17 comments on “Thai Lessons in Acceptance

  1. wohlnoagmailcom says:

    Great post! I’ve been in Bangkok couple of time but didn’t notice the monks. If you still in Bangkok i recommend you to try ‘ Big Mama’ restaurant its a fun place with great local food

    Liked by 1 person

    1. Thanks for the recommendation! I will be returning there soon so will try to check it out!


  2. We spent a month in Thailand earlier this year and we also visited Wat Pho. I was very interested to read this perspective, and it really resonates with me. I had a similar feeling when visiting Mount Phousi in Luang Prabang, Laos, and speaking with the local monks there. It’s a completely different attitude towards life, and one that everyone can learn from.

    Liked by 1 person

    1. Thanks Alex! I will be traveling to Laos soon and thinking of visiting Luang Prabang too!


  3. Gastrotravelogue says:

    I love Bangkok. There is an energy in the city like nowhere else in the world.

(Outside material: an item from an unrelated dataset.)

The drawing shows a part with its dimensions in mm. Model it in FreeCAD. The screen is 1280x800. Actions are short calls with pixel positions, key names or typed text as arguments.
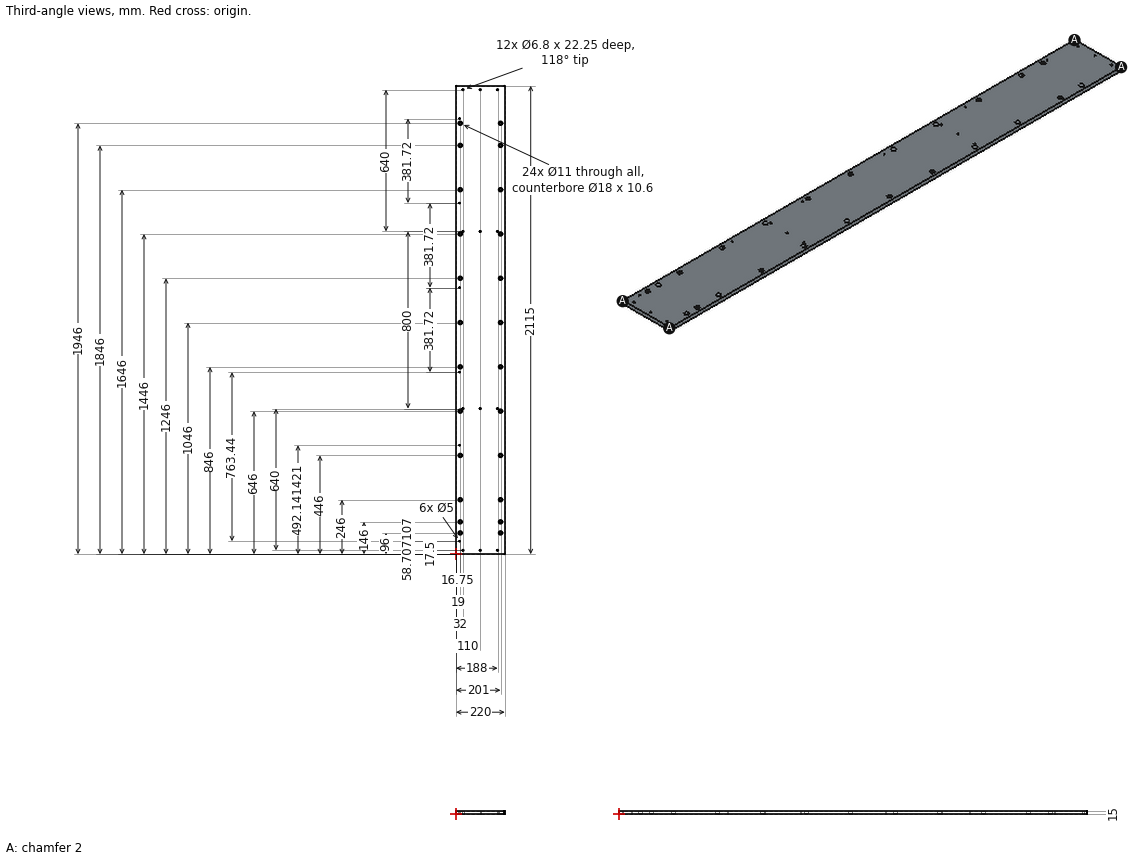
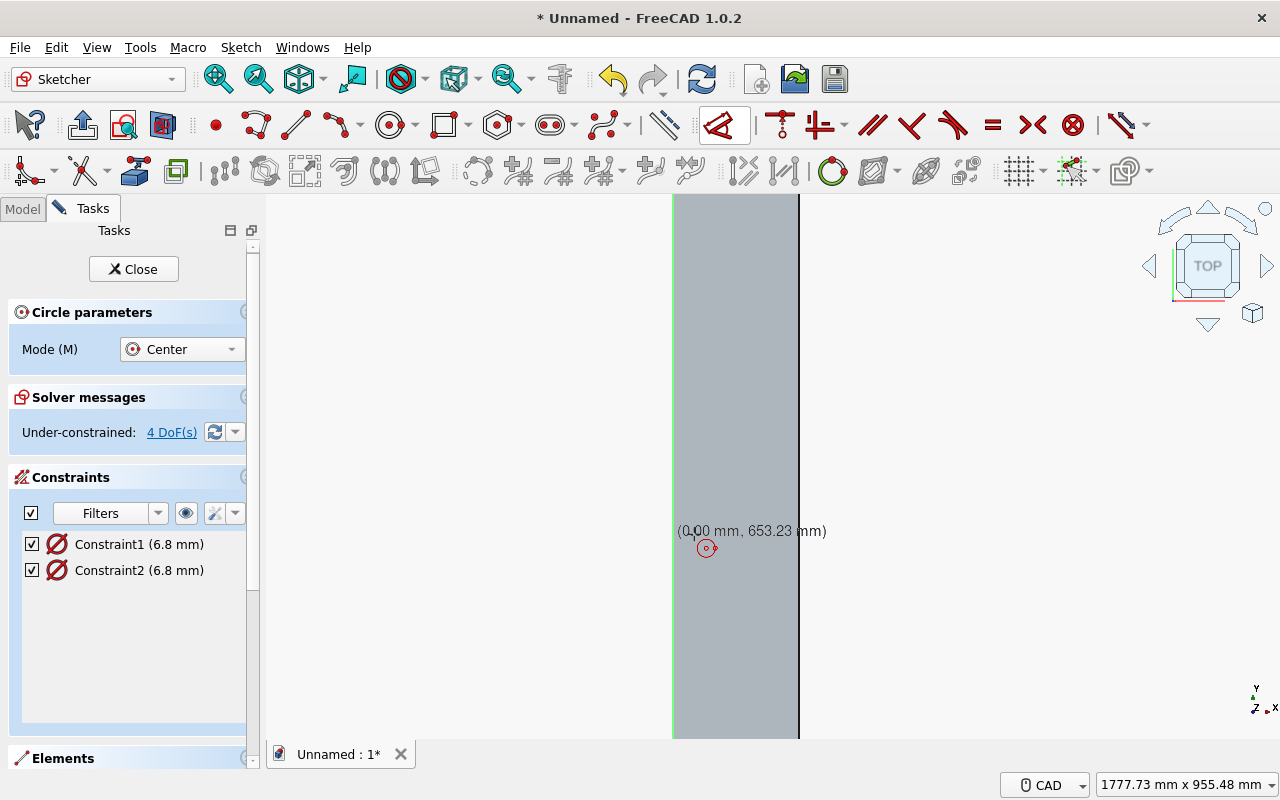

The flip side of the chaos is the tranquillity you can experience in a temple. Wat Po is beautiful and as you were limited for time you made the right choice to visit it.

    Liked by 1 person

    1. Thank you! I will be visiting Bangkok again in a weeks time, so looking forward to seeing some more


  4. Michelle says:

    Such a beautiful and timely post. I really enjoyed it.

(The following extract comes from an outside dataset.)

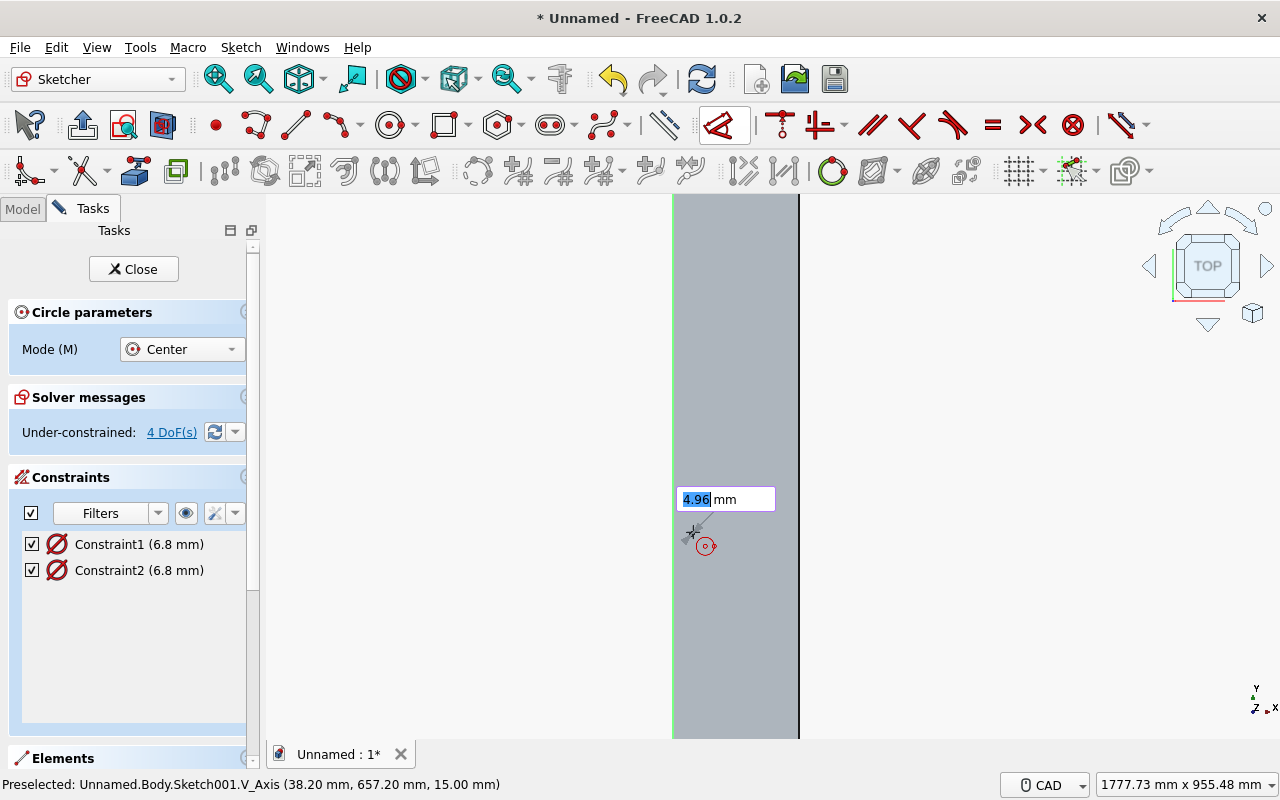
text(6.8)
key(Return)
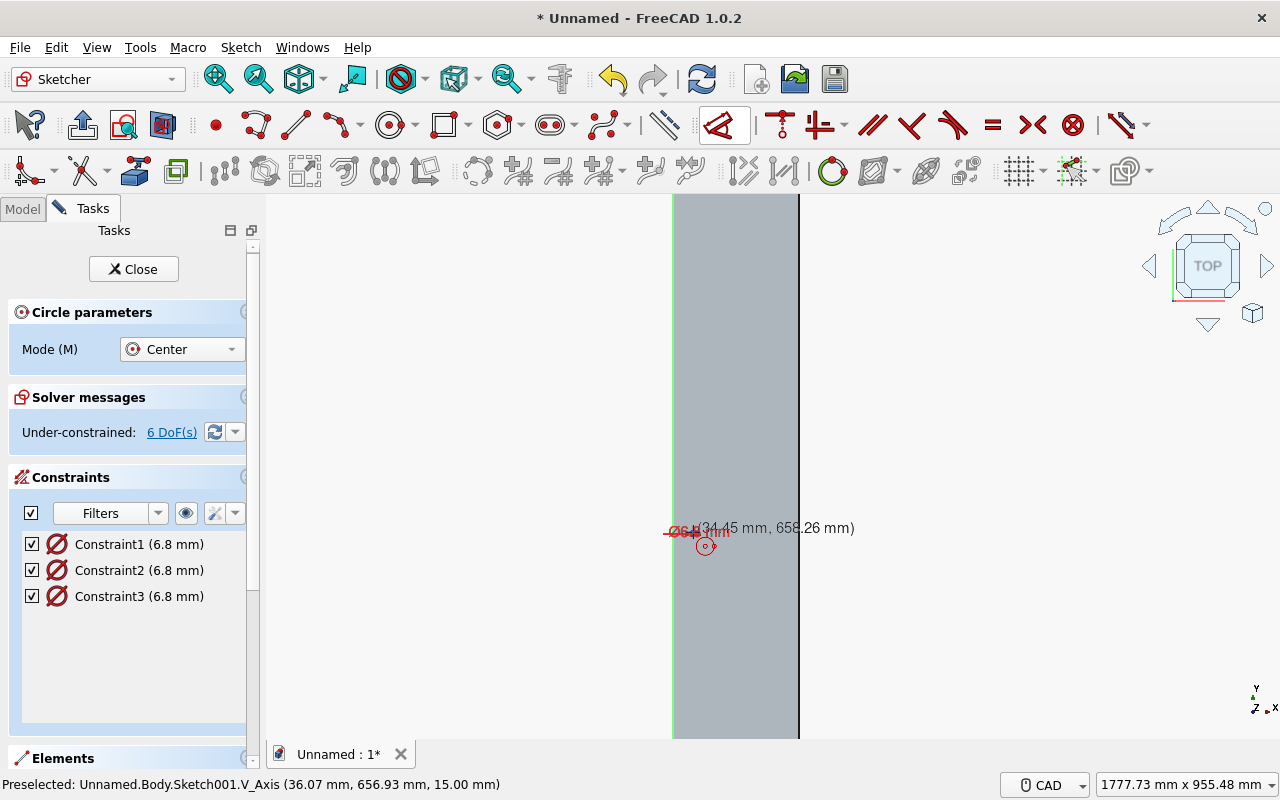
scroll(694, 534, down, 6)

    Thank you for sharing!

    Liked by 1 person

    1. Thank you Michelle! Glad you liked it. I usually try to mix some psychology in with my travel, so stay tuned 🙂


  5. Navita says:

    Enjoyed reading your observations and experiences. Got reminded of Vipassana Meditation which I attended a few years back and the experiential learning that comes from this 10 day mediation program is impermanence of change, observation, acceptance and well being for all. Buddhism was born in India and many people from Thailand come to visit the Buddhist Circuit here, especially Bodh Gaya, where Buddha attained enlightenment. Quite recently, we were in McLeodgunj in Himachal Pradesh where we saw monks had come from all of South East Asia to attend the teachings of the Dalai Lama. Your post brought back many memories. Thank you 🙂

    Liked by 1 person

  6. Ženja Šabanova says:

    Beautiful post, thank you so much for sharing your thoughts. I find Buddhism to be a very interesting religion, and it often humbles me when I get to talk to some of the people who practice it. In Bangkok, it seems like Buddhism and the city itself are two complete opposites – one calm, peaceful and serene and another lively, bustling and sometimes even exhausting.

    Liked by 1 person

    1. Thank you! Very good observation, they certainly are. It is surprising how intertwined they are despite being so different.


  7. Thailand is an amazing country in which if you let go and don’t travel like a typical tourist, you can learn several important life lessons, this one being one of them. It was a lovely read, thank you for sharing.


    1. Thank you 🙂 Glad you enjoyed it!


  8. Chandni says:

    What a beautiful thought. We are truly not grateful enough and monks teach us this. You can have a similar experience in India and the beautiful monastries in north and east India.


  9. Sometimes we need to take a step back and take in the sights around us. Put down the phones and forget the emails. Enjoy life like the saying goes stop and smell the roses. Jealous you worked there for that time period.

    Liked by 1 person

  10. Su Bha Sun says:

    It is interesting to know that the Monks accepts anything offered to them. They have no choice. Very strong will is required to do so.